▶ **TASK DESCRIPTION**
Set down every entry exactly as given. Pictures are to be left out.

▶ **EXCERPTED DATA**

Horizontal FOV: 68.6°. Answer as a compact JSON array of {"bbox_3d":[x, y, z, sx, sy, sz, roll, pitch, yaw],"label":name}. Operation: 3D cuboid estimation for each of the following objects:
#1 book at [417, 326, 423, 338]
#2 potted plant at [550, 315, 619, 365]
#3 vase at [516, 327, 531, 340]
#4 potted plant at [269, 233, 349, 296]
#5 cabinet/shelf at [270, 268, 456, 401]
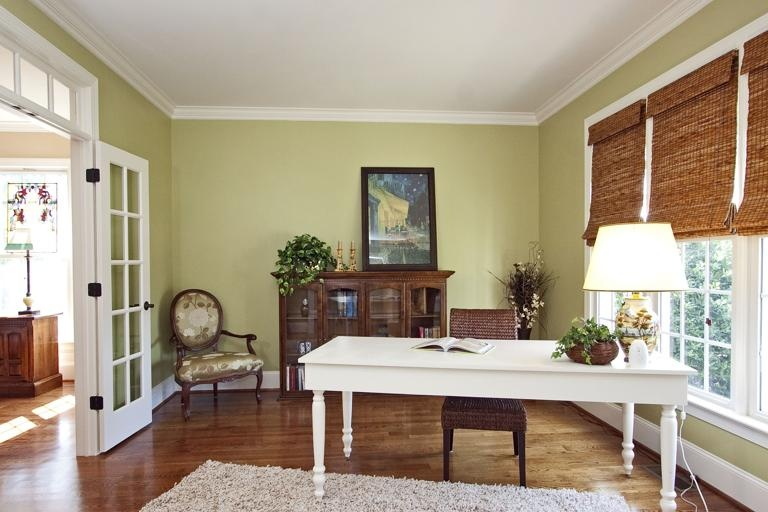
[{"bbox_3d":[0.462,0.957,7.135,0.111,0.150,0.157,1,-4,-7],"label":"book"},{"bbox_3d":[1.755,0.747,4.918,0.452,0.289,0.447,0,-8,2],"label":"potted plant"},{"bbox_3d":[1.719,0.971,7.055,0.206,0.151,0.188,8,-10,-35],"label":"vase"},{"bbox_3d":[-0.901,0.078,7.037,0.735,0.701,0.868,2,4,29],"label":"potted plant"},{"bbox_3d":[-0.240,0.845,6.224,1.664,1.145,0.427,0,-3,-1],"label":"cabinet/shelf"}]

▶ **ANSWER TO THE PROBLEM**
Horizontal FOV: 68.6°. Answer as a compact JSON array of {"bbox_3d":[x, y, z, sx, sy, sz, roll, pitch, yaw],"label":name}. Operation: 3D cuboid estimation for each of the following objects:
#1 book at [417, 326, 423, 338]
#2 potted plant at [550, 315, 619, 365]
#3 vase at [516, 327, 531, 340]
#4 potted plant at [269, 233, 349, 296]
#5 cabinet/shelf at [270, 268, 456, 401]
[{"bbox_3d":[0.462,0.957,7.135,0.111,0.150,0.157,1,-4,-7],"label":"book"},{"bbox_3d":[1.755,0.747,4.918,0.452,0.289,0.447,0,-8,2],"label":"potted plant"},{"bbox_3d":[1.719,0.971,7.055,0.206,0.151,0.188,8,-10,-35],"label":"vase"},{"bbox_3d":[-0.901,0.078,7.037,0.735,0.701,0.868,2,4,29],"label":"potted plant"},{"bbox_3d":[-0.240,0.845,6.224,1.664,1.145,0.427,0,-3,-1],"label":"cabinet/shelf"}]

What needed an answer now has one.